Exercise goal
Pictures stay out; everything else in the records below gets copied exactly.

Task input
====
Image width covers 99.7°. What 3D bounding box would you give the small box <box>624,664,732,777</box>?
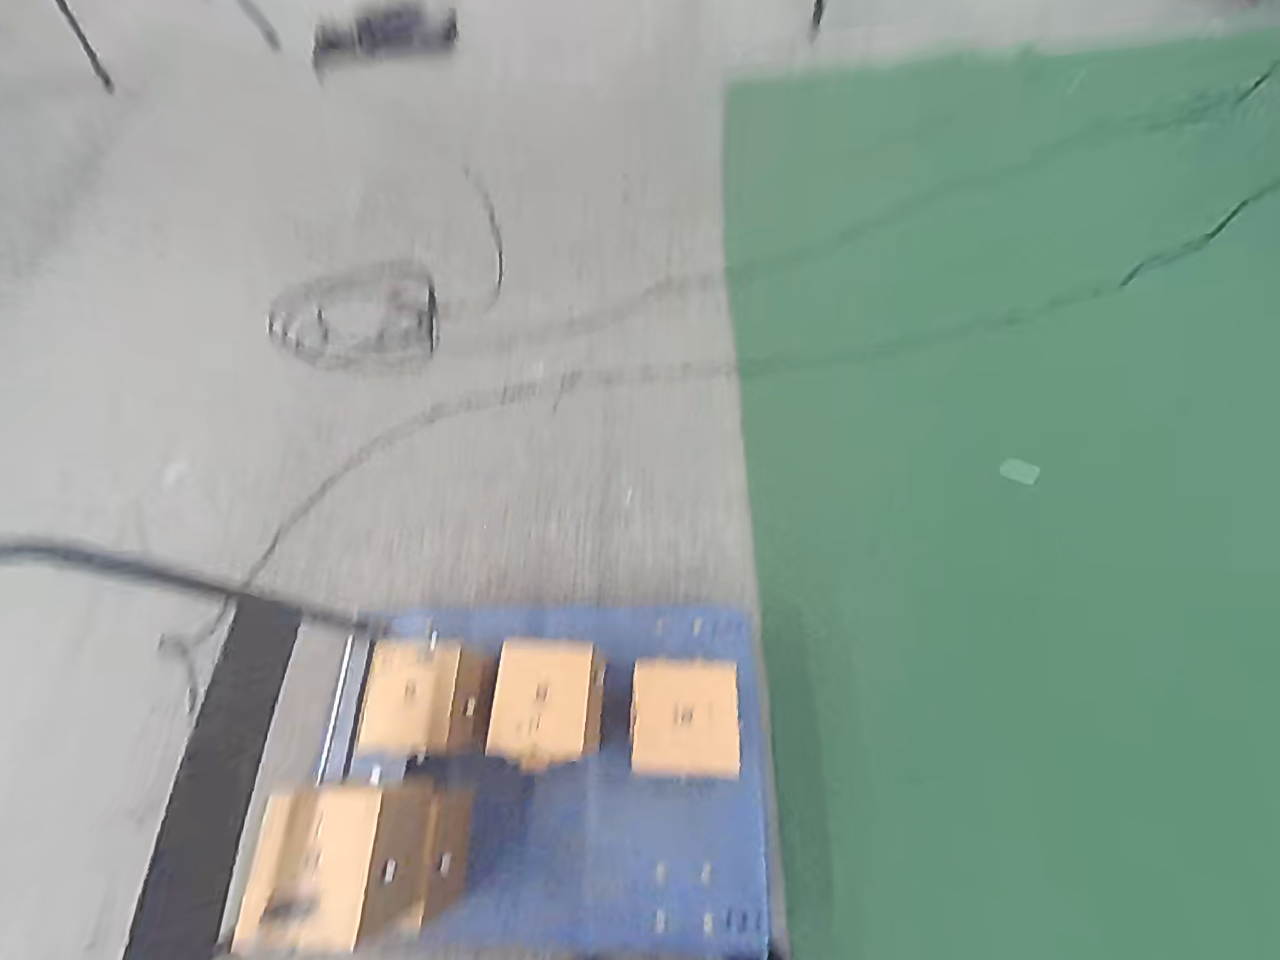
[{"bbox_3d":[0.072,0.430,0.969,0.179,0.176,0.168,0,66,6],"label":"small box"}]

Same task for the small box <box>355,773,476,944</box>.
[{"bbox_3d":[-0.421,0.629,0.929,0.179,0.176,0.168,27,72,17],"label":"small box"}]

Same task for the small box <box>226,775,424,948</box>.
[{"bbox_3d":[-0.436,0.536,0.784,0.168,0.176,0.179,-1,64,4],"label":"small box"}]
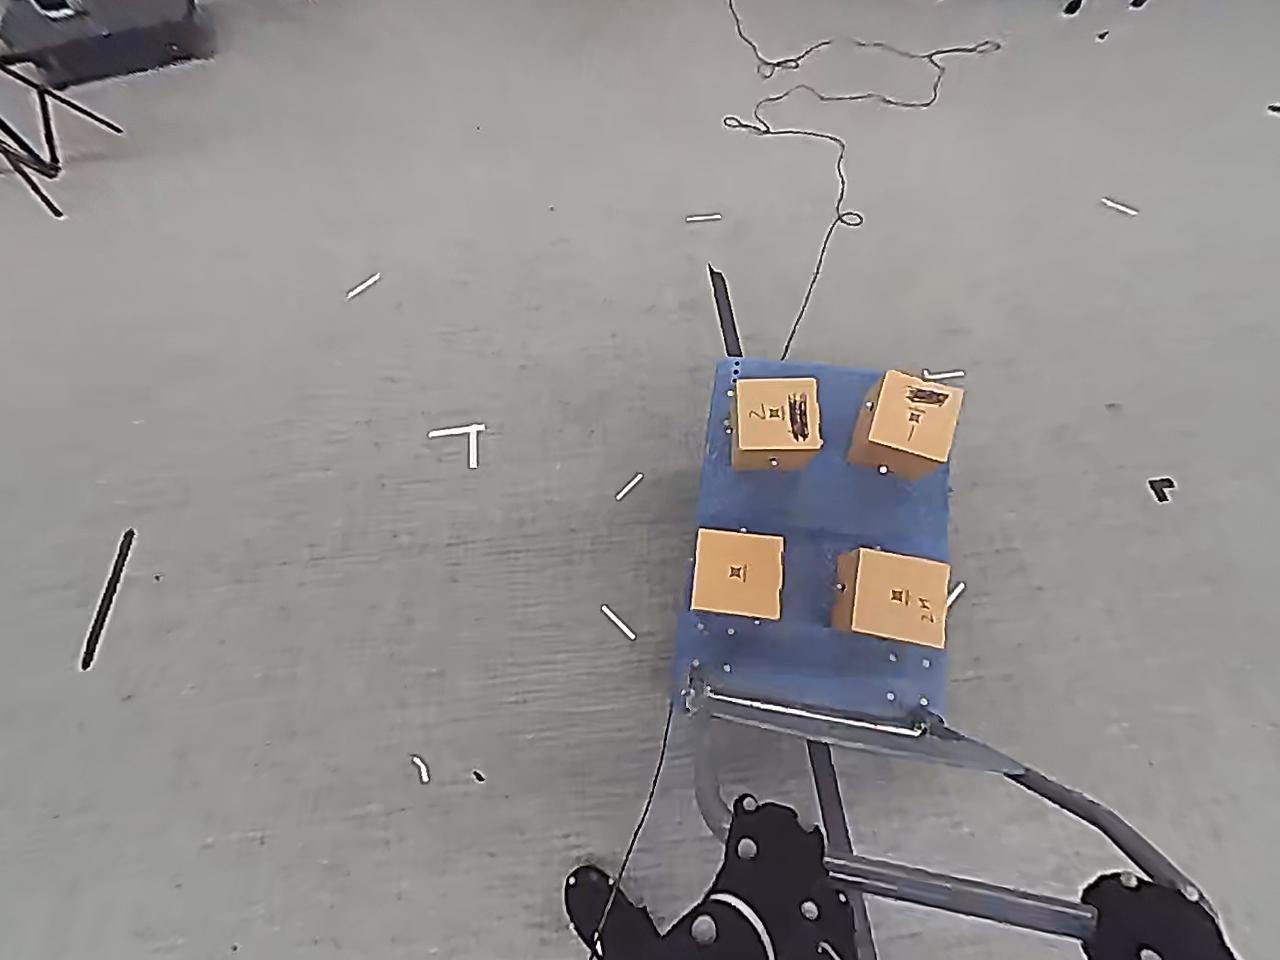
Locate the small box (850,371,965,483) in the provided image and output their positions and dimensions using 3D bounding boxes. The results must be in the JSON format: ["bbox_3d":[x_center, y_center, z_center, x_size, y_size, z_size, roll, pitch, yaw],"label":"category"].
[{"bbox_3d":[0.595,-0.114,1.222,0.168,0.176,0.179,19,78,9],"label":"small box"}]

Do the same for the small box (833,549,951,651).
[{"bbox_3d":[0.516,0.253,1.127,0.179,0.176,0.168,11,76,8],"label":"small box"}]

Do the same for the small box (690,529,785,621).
====
Final answer
Image width covers 99.7°. What 3D bounding box would you give the small box <box>624,664,732,777</box>?
[{"bbox_3d":[0.072,0.430,0.969,0.179,0.176,0.168,0,66,6],"label":"small box"}]

Same task for the small box <box>355,773,476,944</box>.
[{"bbox_3d":[-0.421,0.629,0.929,0.179,0.176,0.168,27,72,17],"label":"small box"}]

Same task for the small box <box>226,775,424,948</box>.
[{"bbox_3d":[-0.436,0.536,0.784,0.168,0.176,0.179,-1,64,4],"label":"small box"}]
Locate the small box (850,371,965,483) in the provided image and output their positions and dimensions using 3D bounding boxes. The results must be in the JSON format: ["bbox_3d":[x_center, y_center, z_center, x_size, y_size, z_size, roll, pitch, yaw],"label":"category"].
[{"bbox_3d":[0.595,-0.114,1.222,0.168,0.176,0.179,19,78,9],"label":"small box"}]

Do the same for the small box (833,549,951,651).
[{"bbox_3d":[0.516,0.253,1.127,0.179,0.176,0.168,11,76,8],"label":"small box"}]

Do the same for the small box (690,529,785,621).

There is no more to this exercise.